This summary article is based on the paper 'Doodle It Yourself: Class Incremental Learning by Drawing a Few Sketches' and all credit goes to the authors of this paper. Please don't forget to join our ML Subreddit
Class Incremental Learning methods aim at extending the ability of machine learning models in recognizing novel classes, while not forgetting what they know about already known classes. Few-Shot Class Incremental Learning is a recent solution that pushes the model to learn the new classes with very few examples. In this research topic, it is important to consider two key questions: (1) what data modality should be used for the samples of the new classes and (2) how such samples could be obtained in practice. The researchers of the University of Surrey that proposed this paper considered a scenario in which the machine learning model is a photo classifier. Their purpose is to have a model that could be used in real-world scenarios while simulating how humans learn during their life. Specifically, the idea is two-fold: (1) as humans, the model must learn from different data modalities (i.e., not only photos) (2) without asking the users to provide photos that can be unavailable (also for privacy and ethical constraints like copyright issues).
The Figure above depicts the overall architecture of Doodle It Yourself – Few-Shot Class Incremental Learning (DIY-FSCIL), the framework proposed in this paper. In the beginning, we start with a 10-class classifier (Rwbase) that receives as input the features extracted by a feature extractor (F) for the base class photos. Then, given sketch exemplars provided by the users (1 sketch for each novel class in the figure) for 3 novel classes, we obtain Rwnew, a (10+3)-class classifier that is able to classify photos from both base and novel classes.

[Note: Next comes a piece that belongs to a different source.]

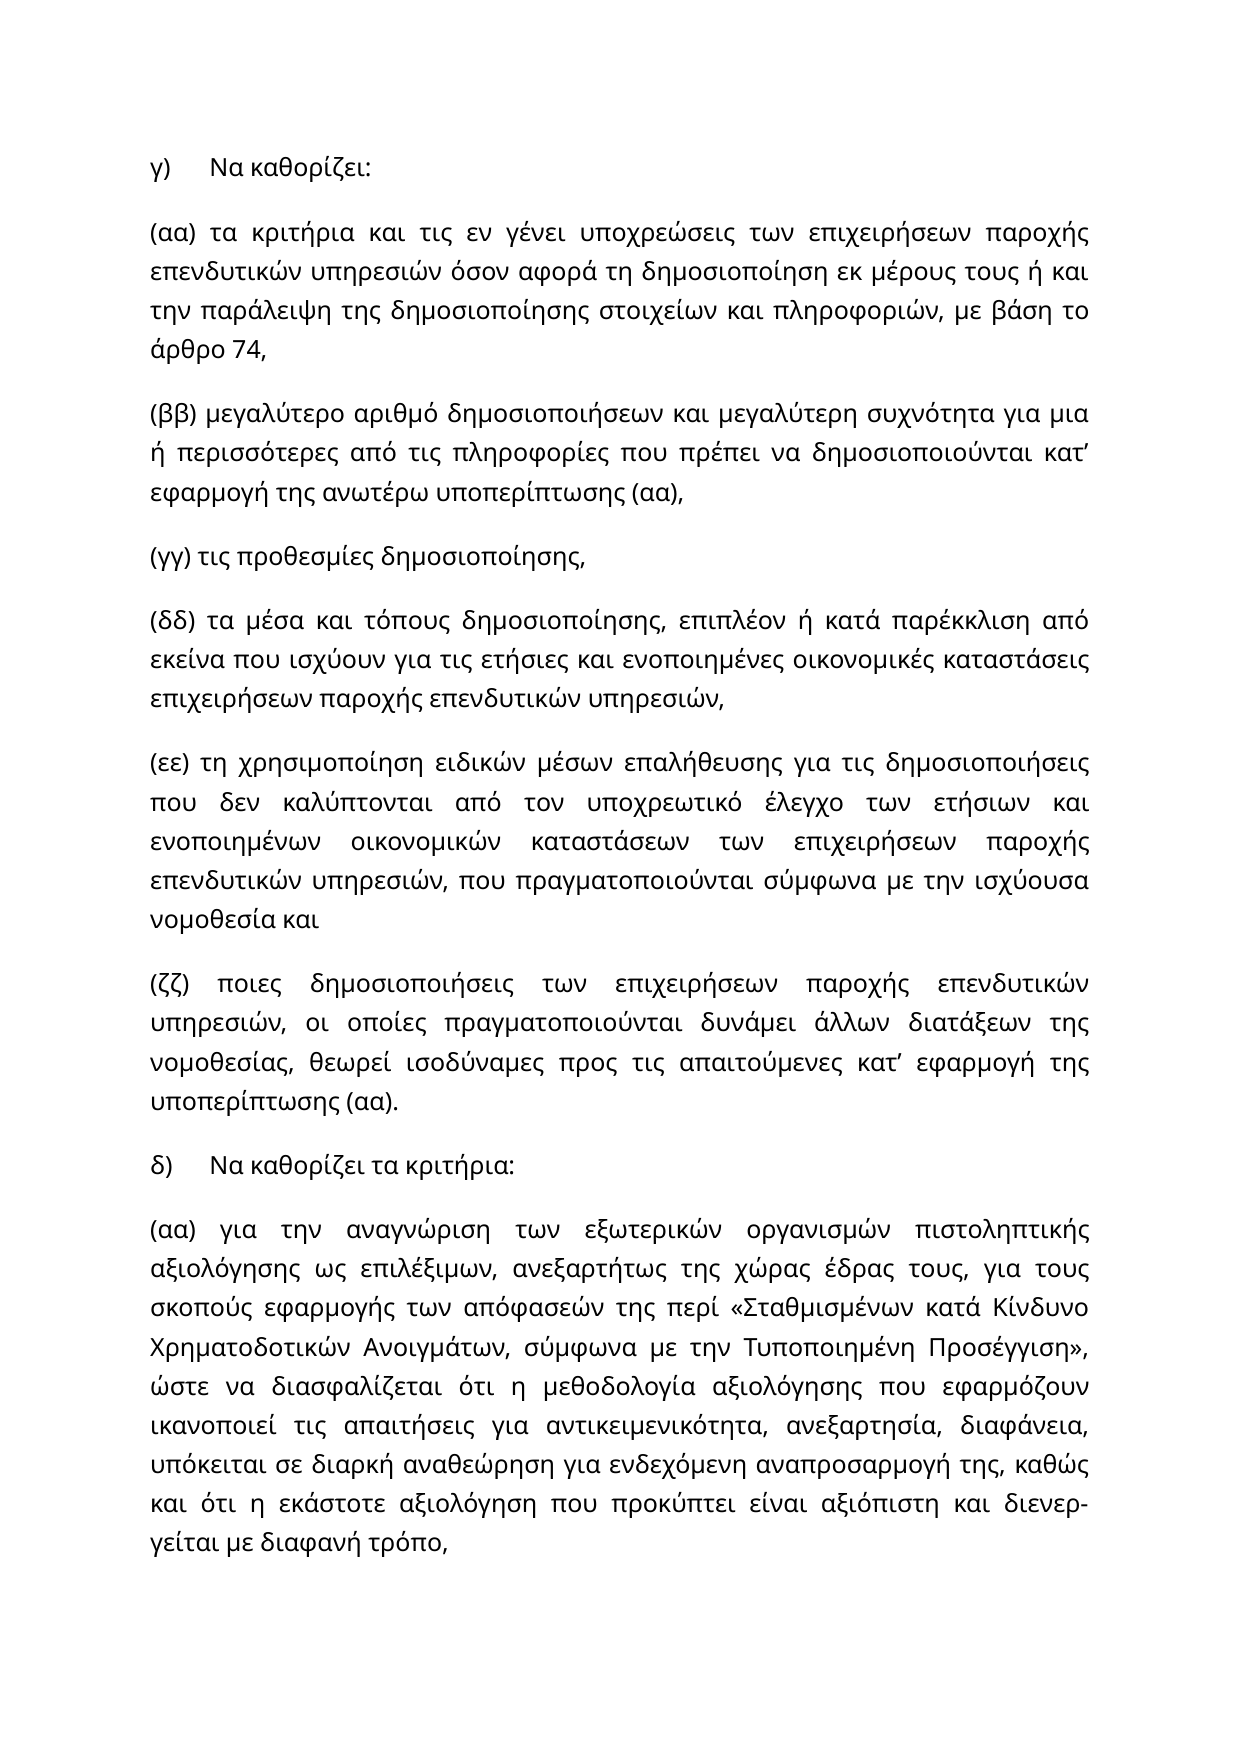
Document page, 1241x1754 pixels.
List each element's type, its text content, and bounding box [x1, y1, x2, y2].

To develop DIY-FSCIL, the authors faced three design challenges: (1) how to obtain a cross-modalities model minimizing the domain gap between sketch samples and real photos, (2) how to preserve and not forget base classes information, and (3) how to exploit information from base classes to quickly learn the novel classes using few samples. For the first problem, the authors trained a domain-agnostic feature extractor through gradient consensus. For the second problem, they used a knowledge distillation loss to keep knowledge about the base classes while incrementing the classifier to novel ones. For the third problem, this framework relies on a graph neural network to generate more discriminative decision boundaries between the old and the novel classes. The framework follows a two-stage training process which is described in the following paragraphs.
In the first stage, the goal is to learn a domain-agnostic feature extractor F through gradient consensus to handle the domain gap between photos and sketches. During this training stage, the authors relied on mini-batches that are equally composed of both labeled photos and sketches. At the same time, the loss function used in this stage is composed of two individual losses: one for the photos and one for the sketches. The idea is to update the model so that there is an agreement in the gradient space (i.e., gradient consensus) between the two domains, in order to learn a domain-invariant representation for the features. In this way, the model parameters are updated to improve the generalization capabilities of the framework on both photos and sketches.
During the second stage, the framework learns a weight generator G through incremental learning, involving two steps. In the first step of this second stage, the purpose is to obtain an updated base+novel classifier (Rwnew) through a sketch support set that is used to produce weight vectors for the novel classes and to refine the weight vectors related to the base classes. This process allows obtaining a better decision boundary in the presence of photos of both base and novel classes. Note that, during this second stage, the weights of F are freezed to avoid overfitting during the few-shot update and to alleviate the catastrophic forgetting issue for the base classes.
Let’s describe what happens in the first step of this second stage in detail. The generator G takes as input (1) the weight matrix Wbase from the Rwbase classifier, representing previous base classes knowledge, and (2) the class-wise representative features of the novel classes obtained from sketch exemplars Wnovel . These class-wise representative features are obtained by averaging the feature representations of the sketches of each class. In order to obtain an optimized decision boundary for both base and novel classes, the generation of the weight vectors Wnew for both base and novel classes are obtained through an information passing mechanism implemented by using a Graph Attention Network.
In the second step of the second stage, the classifier Rwnew is used to classify a query set of real photos from both base and novel classes. This step is necessary to compute the final loss which is used to optimize the weights Wnew by using the gradient descent algorithm. Finally, in order to further optimize Rwnew based on the knowledge learned from Wbase, a distillation loss is added to the standard classification loss during the training process applied over the query set. This distillation loss ensures that the weight vectors Wnew remain close to what has been learned during the first stage of training. Specifically, the distillation loss is computed by considering the predictions of Rwbase over the query set as ground truths.